Genetics for field WB resistance is much less researched compared to that for seedling resistance, but it is generally accepted that quantitative resistance predominates in this pathosystem, as a continuous variation was observed among the evaluated germplasm (Maciel et al. 2014; Cruz et al. 2016b). So far, the only known effective field WB resistance source is 2NS/2AS translocation. The 2NS chromosomal segment was introduced from Aegilops ventricosa (Zhuk.) to replace the distal region of 2AS in wheat, in order to utilize the rust resistance genes Lr37, Sr38, and Yr17 (Helguera et al. 2003). Later, it was found that other resistance genes, including Cre5 for cereal cyst nematode resistance (Jahier et al. 2001) and Rkn3 for root-knot nematodes resistance (Williamson et al. 2013), are present in this segment. Recently, Cruz et al. (2016b) reported the significant effects of 2NS in WB resistance, which conferred 64–81% reduction in head blast severity in both spring and winter wheat. Juliana et al. (2019) further demonstrated the important role of 2NS in conferring WB resistance in CIMMYT germplasm, along with an additional finding that the 2NS lines have a significant yield advantage.

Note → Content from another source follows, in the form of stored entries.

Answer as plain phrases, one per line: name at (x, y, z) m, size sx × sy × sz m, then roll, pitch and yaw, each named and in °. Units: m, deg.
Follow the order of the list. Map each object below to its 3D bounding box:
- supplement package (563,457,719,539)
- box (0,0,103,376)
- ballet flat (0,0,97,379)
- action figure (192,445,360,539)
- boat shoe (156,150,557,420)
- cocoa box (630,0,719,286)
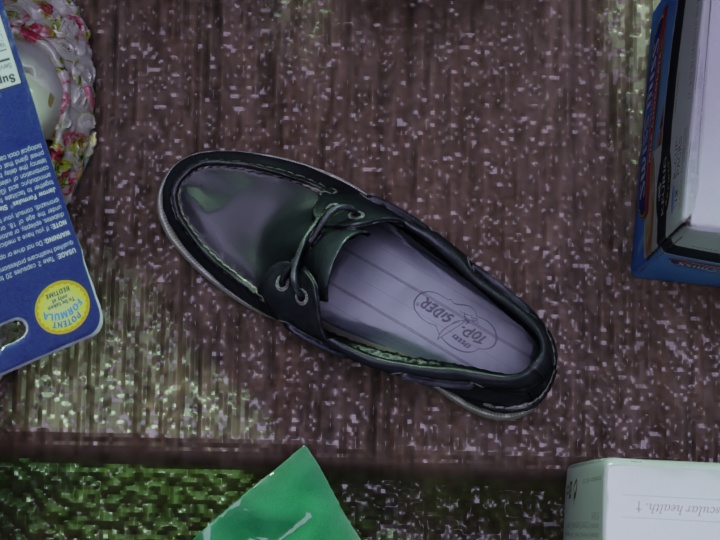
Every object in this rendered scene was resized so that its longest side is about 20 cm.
supplement package at (0.145, 0.182, 0.770) m, size 0.116 × 0.117 × 0.201 m, roll 3°, pitch 82°, yaw -2°
box at (-0.182, -0.051, 0.736) m, size 0.121 × 0.032 × 0.201 m, roll -24°, pitch 101°, yaw -43°
ballet flat at (-0.159, -0.040, 0.818) m, size 0.075 × 0.064 × 0.201 m, roll 9°, pitch 81°, yaw -3°
action figure at (-0.005, 0.190, 0.795) m, size 0.118 × 0.055 × 0.200 m, roll -39°, pitch 81°, yaw -9°
boat shoe at (-0.001, 0.002, 0.815) m, size 0.199 × 0.066 × 0.075 m, roll 34°, pitch 83°, yaw 3°
cocoa box at (0.227, -0.058, 0.799) m, size 0.199 × 0.131 × 0.134 m, roll 7°, pitch 81°, yaw -1°
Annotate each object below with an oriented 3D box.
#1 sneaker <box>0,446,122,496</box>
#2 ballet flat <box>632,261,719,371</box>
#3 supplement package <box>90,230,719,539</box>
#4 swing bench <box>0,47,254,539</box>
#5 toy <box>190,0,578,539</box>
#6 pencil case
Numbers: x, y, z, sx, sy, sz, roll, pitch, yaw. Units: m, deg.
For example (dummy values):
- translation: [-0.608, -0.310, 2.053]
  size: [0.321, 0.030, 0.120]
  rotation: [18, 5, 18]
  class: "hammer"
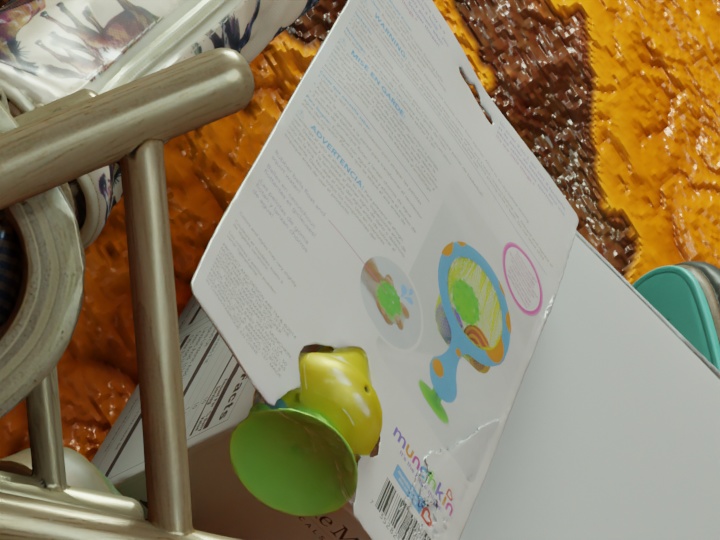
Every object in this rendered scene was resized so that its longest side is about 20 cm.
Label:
- translation: [-0.047, 0.140, 0.825]
  size: [0.090, 0.067, 0.201]
  rotation: [-23, 87, -52]
  class: "sneaker"
- translation: [0.143, 0.091, 1.010]
  size: [0.068, 0.068, 0.201]
  rotation: [26, 54, -44]
  class: "ballet flat"
- translation: [0.033, 0.074, 0.888]
  size: [0.200, 0.111, 0.156]
  rotation: [43, 48, -17]
  class: "supplement package"
- translation: [-0.138, 0.022, 0.643]
  size: [0.199, 0.199, 0.131]
  rotation: [-5, 91, -15]
  class: "swing bench"
- translation: [0.000, 0.000, 0.776]
  size: [0.115, 0.047, 0.200]
  rotation: [55, 29, -20]
  class: "toy"
- translation: [-0.069, -0.082, 0.887]
  size: [0.078, 0.089, 0.200]
  rotation: [52, 47, -10]
  class: "pencil case"
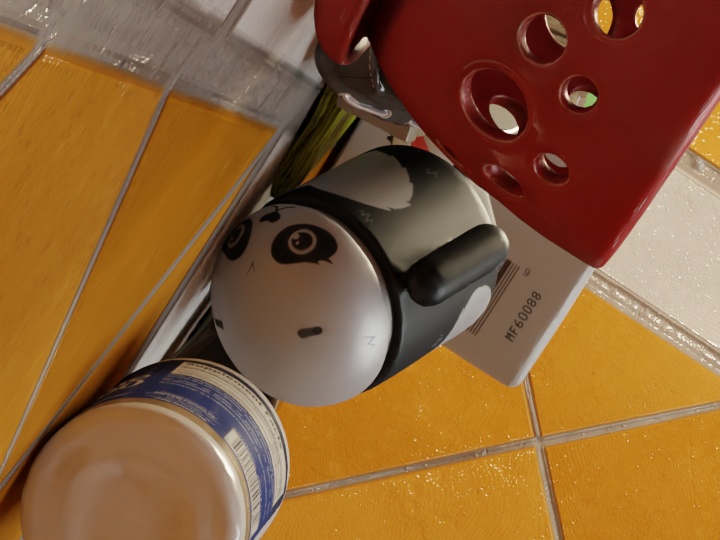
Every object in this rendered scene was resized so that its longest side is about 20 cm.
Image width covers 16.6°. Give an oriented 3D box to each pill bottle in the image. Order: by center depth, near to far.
[{"bbox_3d":[-0.097,0.106,1.260,0.111,0.111,0.200,-57,178,10],"label":"pill bottle"}]

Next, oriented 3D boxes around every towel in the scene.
[{"bbox_3d":[-0.003,-0.111,1.512,0.086,0.018,0.200,-55,179,29],"label":"towel"}]

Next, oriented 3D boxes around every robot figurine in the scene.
[{"bbox_3d":[0.001,-0.002,1.434,0.200,0.125,0.151,-29,160,-46],"label":"robot figurine"}]

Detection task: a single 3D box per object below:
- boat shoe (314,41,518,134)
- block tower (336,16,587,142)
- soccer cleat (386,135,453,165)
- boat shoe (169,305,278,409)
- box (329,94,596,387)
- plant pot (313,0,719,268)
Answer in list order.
[{"bbox_3d":[0.037,-0.108,1.312,0.200,0.057,0.068,8,85,-68],"label":"boat shoe"},{"bbox_3d":[0.070,-0.117,1.453,0.199,0.054,0.058,-12,124,-53],"label":"block tower"},{"bbox_3d":[0.069,-0.130,1.550,0.068,0.073,0.201,-60,172,-32],"label":"soccer cleat"},{"bbox_3d":[-0.082,0.065,1.523,0.203,0.074,0.075,-57,-176,-25],"label":"boat shoe"},{"bbox_3d":[0.090,-0.063,1.789,0.201,0.198,0.171,-57,178,14],"label":"box"},{"bbox_3d":[0.089,-0.130,1.100,0.201,0.182,0.200,-57,178,-2],"label":"plant pot"}]

The main objectives of the current study were to map QTL for field WB resistance in a bread wheat recombinant inbred line (RIL) population Caninde#1/Alondra and to identify molecular markers linked to the QTL for their potential use in marker-assisted selection (MAS).

Materials and methods

Plant material

A RIL population of 298 F2:7 progenies, derived from a cross between Caninde#1 and Alondra, was developed by single seed descend. The female parent Caninde#1 has a pedigree of Milan/Munia, carries the 2NS/2AS translocation and shows consistently good WB resistance (Kohli et al. 2011). The male parent Alondra has a pedigree of D-6301/NAINARI-60//WEIQUE/RED-MACE/3/CIANO-F-67*2/CHRIS, does not carry the 2NS/2AS translocation and is susceptible to WB.

Inoculum preparation

The protocol was modified from Cruz et al. (2016b). A fungal plug of 5 mm was taken from a Petri dish culturing the MoT isolate and was then transferred onto plates with oatmeal agar that was prepared following the below steps. Fifty grams of rolled oats was added into 800 ml of distilled water, which was boiled for 5 min with a magnetic stirrer, filtered through four layers of cheesecloth and adjusted to 1 L with distilled water. Finally, 15 g of agar was added before autoclave. Agar plates with the MoT isolate were incubated under 18–28 °C with 12 h of light/dark photoperiod. Seven days later, mycelium grown on the plates was scraped off with a spatula and the plates were cultivated for three more days under continuous light to induce sporulation. Upon conidia harvest, the plates were flooded with 10 ml of autoclaved distilled water and gently scraped with a brush. The spore suspension was collected in a test tube and was vortexed briefly to separate conidia and mycelia, and the latter was discarded via filtering through two layers of cheesecloth. The inoculum was adjusted to 80,000 conidia/ml with a hemocytometer under a microscope, and then, Tween-20 was added to make a concentration of 0.02% for field application.

Field experiments

Field trials took place in three locations, i.e., Quirusillas and Okinawa in Bolivia and Jashore in Bangladesh. Quirusillas is in the high land region of the Department of Santa Cruz, Bolivia, at an altitude of 1496 m above sea level (masl), with a cropping cycle from December to April. Okinawa is located in the lowland region of the Department of Santa Cruz, Bolivia, at an altitude of 267 masl, where the cropping cycle is from May to August. Jashore is in the southwestern region of Bangladesh, at an altitude of 7 masl, with a cropping season from December to April. The population was evaluated in two cropping cycles in each of the three locations, i.e., the 2017–2018 and 2018–2019 cycles in Quirusillas and Jashore and the 2018 and 2019 cycles in Okinawa, with two sowing dates (10 days difference) in each cropping cycle to expose the population to different environments. The experiments were then named according to the location, cropping cycle and sowing date, where ‘Quir’ stands for Quirusillas, ‘Jash’ for Jashore and ‘Oki’ for Okinawa, ‘18′ and ‘19′ for 2017–2018 or 2018 cycle and 2018–2019 or 2019 cycle, respectively, and ‘a’ and ‘b’ for the first and second sowing, respectively. For example, the experiment ‘Quir19b’ represents the second sown experiment carried out in Quirusillas in the 2018–2019 cycle.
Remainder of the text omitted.